Lansing suggested the CDA could begin by looking at future uses for the 2.25-acre parcel the group owns on South Spring Street directly north of the trailer park.
The CDA could come up with an idea for developing the property and market it, she said, then use the proceeds to fund other initiatives.
The city’s intent was to market the land for residential or commercial development, Tetzlaff said. However, there has only been one serious inquiry about the property and that plan fell through.
Tetzlaff said that the CDA needs to fashion a role for itself that works in tandem with other city groups.
For example, Tetzlaff said, if the Economic Development Committee said there is a need for a business park, the CDA could identify potential sites, the Plan Commission could rezone those parcels and the CDA could then seek potential developers and work to create acceptable plans for the land.
Or the CDA could select redevelopment sites, the Plan Commission could define what is acceptable for them and the Economic Development Committee find acceptable businesses to locate there.
“We need to be there at the table, at the very least, to give more input,” Tetzlaff said.
Mlada, who said one of his initiatives is to revitalize city committees like the CDA, said the city should look to other communities as it seeks a mission for its CDA.
In Whitefish Bay, he said, the CDA was the force behind the master plan for Silver Spring Road.
“I don’t know if that’s necessarily the role the CDA needs to play, but it’s one we should consider,” he said.
While Mlada and Tetzlaff were asked to research other communities and the roles and missions their Community Development Authorities have, they might do well to look south to Grafton.
“The redevelopment of Grafton could not have occurred without the assistance of the CDA,” Village Administrator Darrell Hofland said. “They’ve played a key role for us.”
One of the most notable examples of the CDA’s work has been the Grafton Hotel, which had fallen into disrepair and was declared blighted by the village. The CDA bought the building, negotiated with the developer and entered into a redevelopment agreement that resulted in the conversion of the building into apartments.
That’s far from the CDA’s only success. One of its most recent acts was to negotiate with a developer to put up a 45,000-square-foot, $5.2 million building on Cheyenne Drive to house Regal-Beloit Corp., a move Hofland said will bring 130 employees to the village.
In addition to buying and redeveloping land, the CDA has worked with consultants to create redevelopment plans for areas of the village, including site plans that target specific uses, Hofland said.
“They recognize their job is half done,” Hofland said. “They have several key parcels, both in downtown and the south commercial district, left to redevelop.”

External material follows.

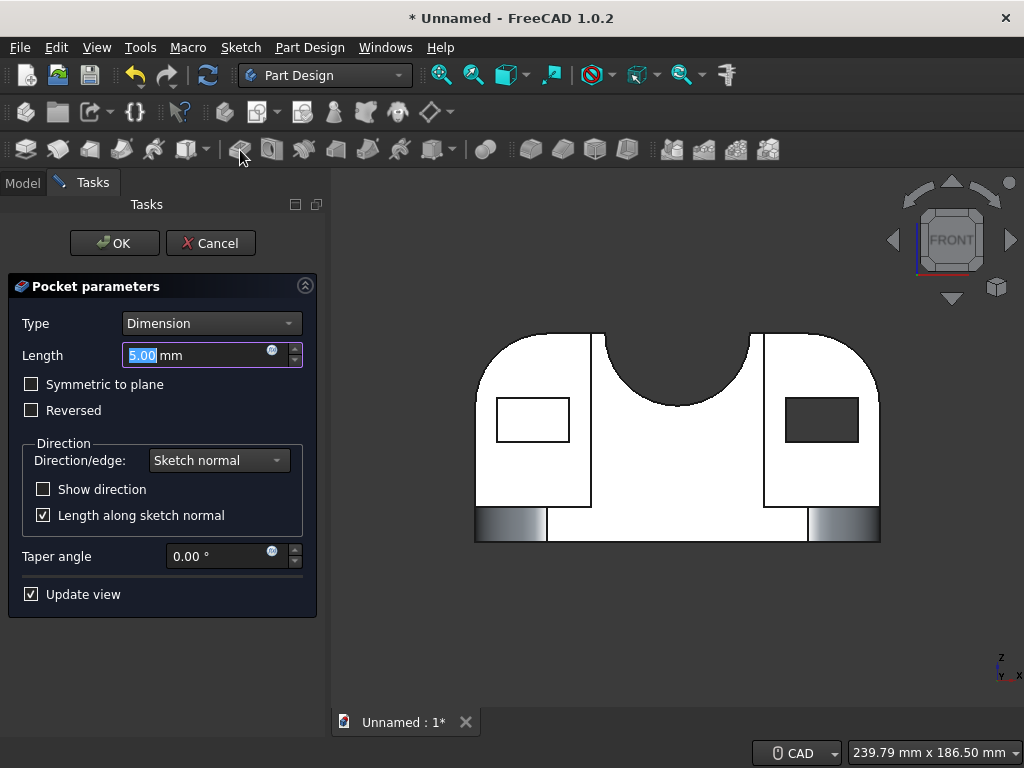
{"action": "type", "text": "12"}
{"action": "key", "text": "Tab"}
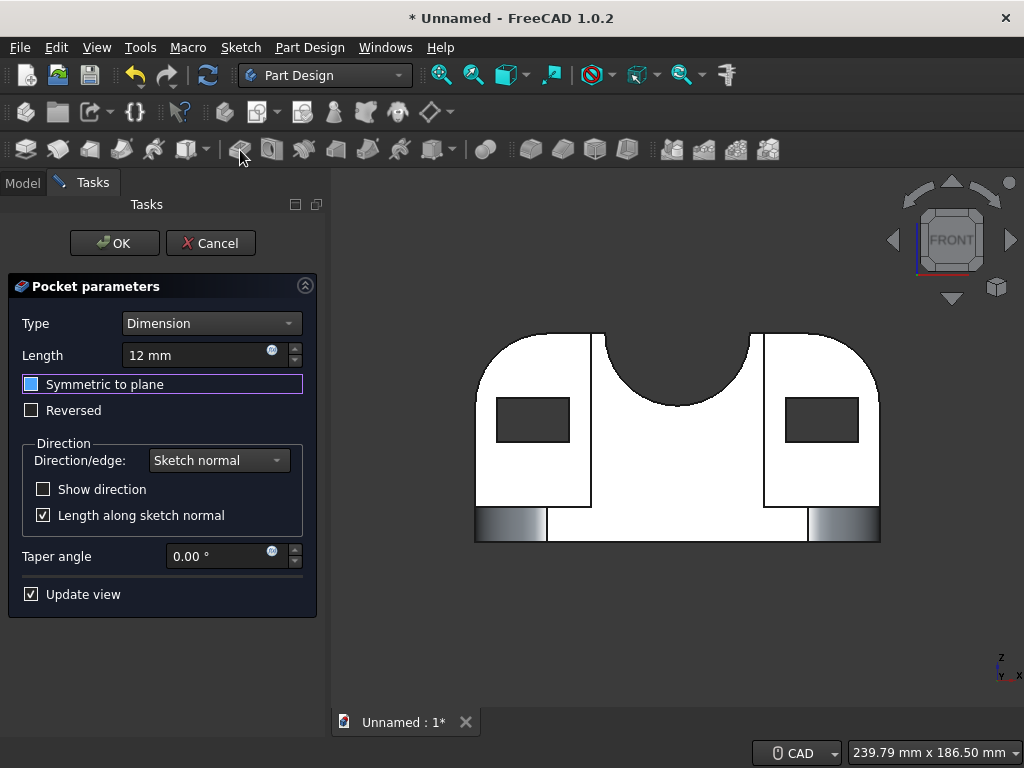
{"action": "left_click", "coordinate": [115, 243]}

Written by KRISTYN HALBIG ZIEHM
Tuesday, 20 November 2012 18:45
Concerns with aesthetics, building materials prompt Port commission to send project back to developer
The Port Washington Plan Commission last week put the brakes on a proposal to build an apartment complex on the city’s south side.

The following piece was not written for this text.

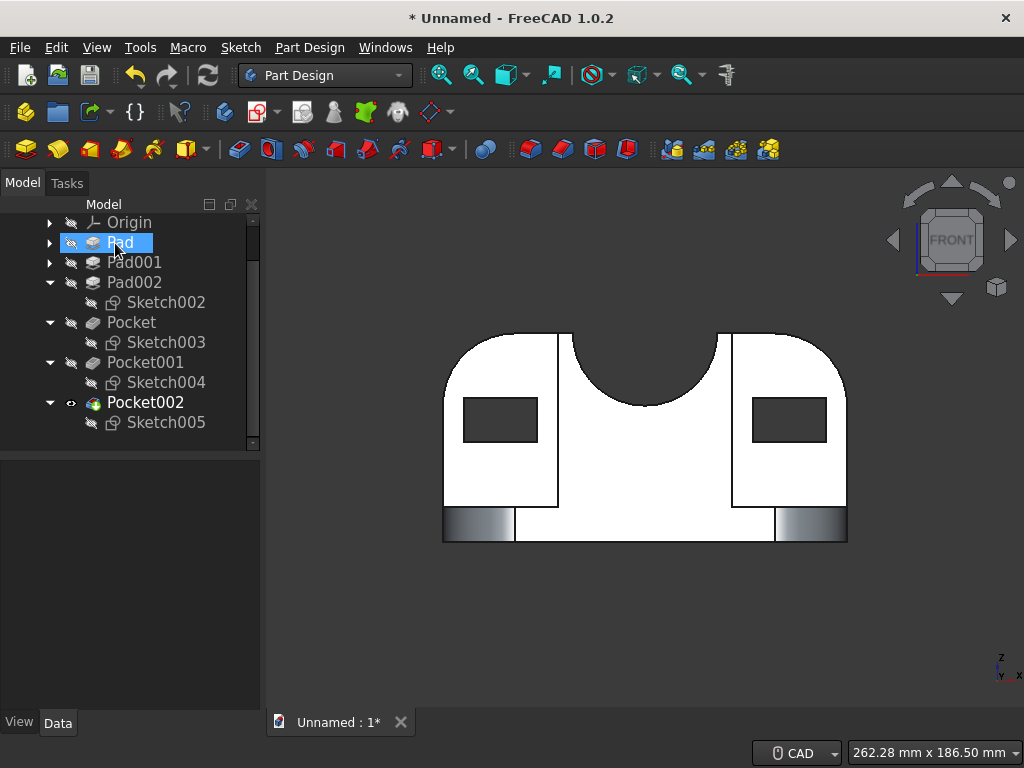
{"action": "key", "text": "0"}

Commission members tabled the concept plan for a 60-unit project, saying they want the developer to improve the aesthetics and quality of materials to be used for the five 12-unit buildings proposed at the corner of Sauk Road and Harris Drive.
Commission member Bud Sova was particularly outspoken in his criticism of the proposal, saying that when city residents were surveyed years ago, they said there were too many apartments in the community.

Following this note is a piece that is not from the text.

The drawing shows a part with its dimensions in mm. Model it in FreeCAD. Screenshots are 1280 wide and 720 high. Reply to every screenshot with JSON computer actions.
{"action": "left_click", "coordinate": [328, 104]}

“We need to revisit that,” Sova said. “It’s something we need to do our homework on. There was a huge imbalance (in the ratio between single-family homes and apartments).”
City Planner Randy Tetzlaff noted that the city has come a long way since that time, noting that over the past 12 years, the city has approved more than 600 single-family homes and only 48 apartment units.
The commission previously approved a proposal to construct 150 units on the 10-1/4 acre parcel — more than double the number proposed by Premier, Tetzlaff noted.
“That doesn’t mean it was right,” said Sova.
The apartments proposed by Premier Real Estate Development are higher quality, Tetzlaff added, with amenities that include individual entries for each unit, laundry facilities in each unit, attached garages and cathedral ceilings.
Attorney Joe Goldberger, who presented Premier’s proposal to the commission, said the units will rent for between $795 and $975 a month. Similar developments built by the firm have done well, he added, noting many are full before the buildings are completed.
“We’ve built these in other communities and they’ve been welcomed with open arms,” Goldberger said. “This is a good project.”
Premier has financing lined up for the project, he added.
“We’d like to get started as soon as possible,” Goldberger said.
Commission member Amanda Williams asked for information to back up the firm’s claims that there is a market for the complex.
“For you to just say, ‘We know this is going to be successful’ is hard for me to buy into,” she said.
The firm made changes to reduce the amount of pavement on the site and added some architectural features to make the buildings more attractive — changes recommended by the Design Review Board, Goldberger noted.
Williams also suggested the developer use color to break up the facade and bump out some parts of the exterior walls to add interest to the buildings, as well as consider creating a berm to shield the view from the road.
Goldberger said he would discuss the suggestion with company officials, but noted that the project has to be economically viable for the work to proceed.
“In the end, the economics simply have to work,” he said, noting that the cost of the land is high and the developer is constrained by infrastructure previously installed on the property. “At some point, the project simply becomes cost prohibitive.”
But Sova said better materials are essential.
“We’re going to have to put up with this for the next 50 years,” he said. “Just to jump at it because it’s something to build in bad times doesn’t make it right.”
Sova was adamant that the buildings should be downsized, saying the complex is along the city’s southern entryway, an area that should be kept as attractive as possible with buildings that don’t loom over the landscape.
“This is going to be larger than anything we’ve built in the last 30 years, except for the high rise,” Sova said. “These are going to be pretty massive buildings close to the road. They’re not attractive, aesthetically.”
But Tetzlaff warned that breaking the project into more buildings will decrease the amount of green space on the property, adding the city has worked hard to
retain as much green space as possible on the site.
The buildings previously approved for the land included structures that were two stories high and would have contained as many as 44 units — many more than Premier is proposing, Tetzlaff said.
That fact seemed to convince some commission members the complex is worth considering, although they asked that additional work be done to minimize the impact of the project on the area.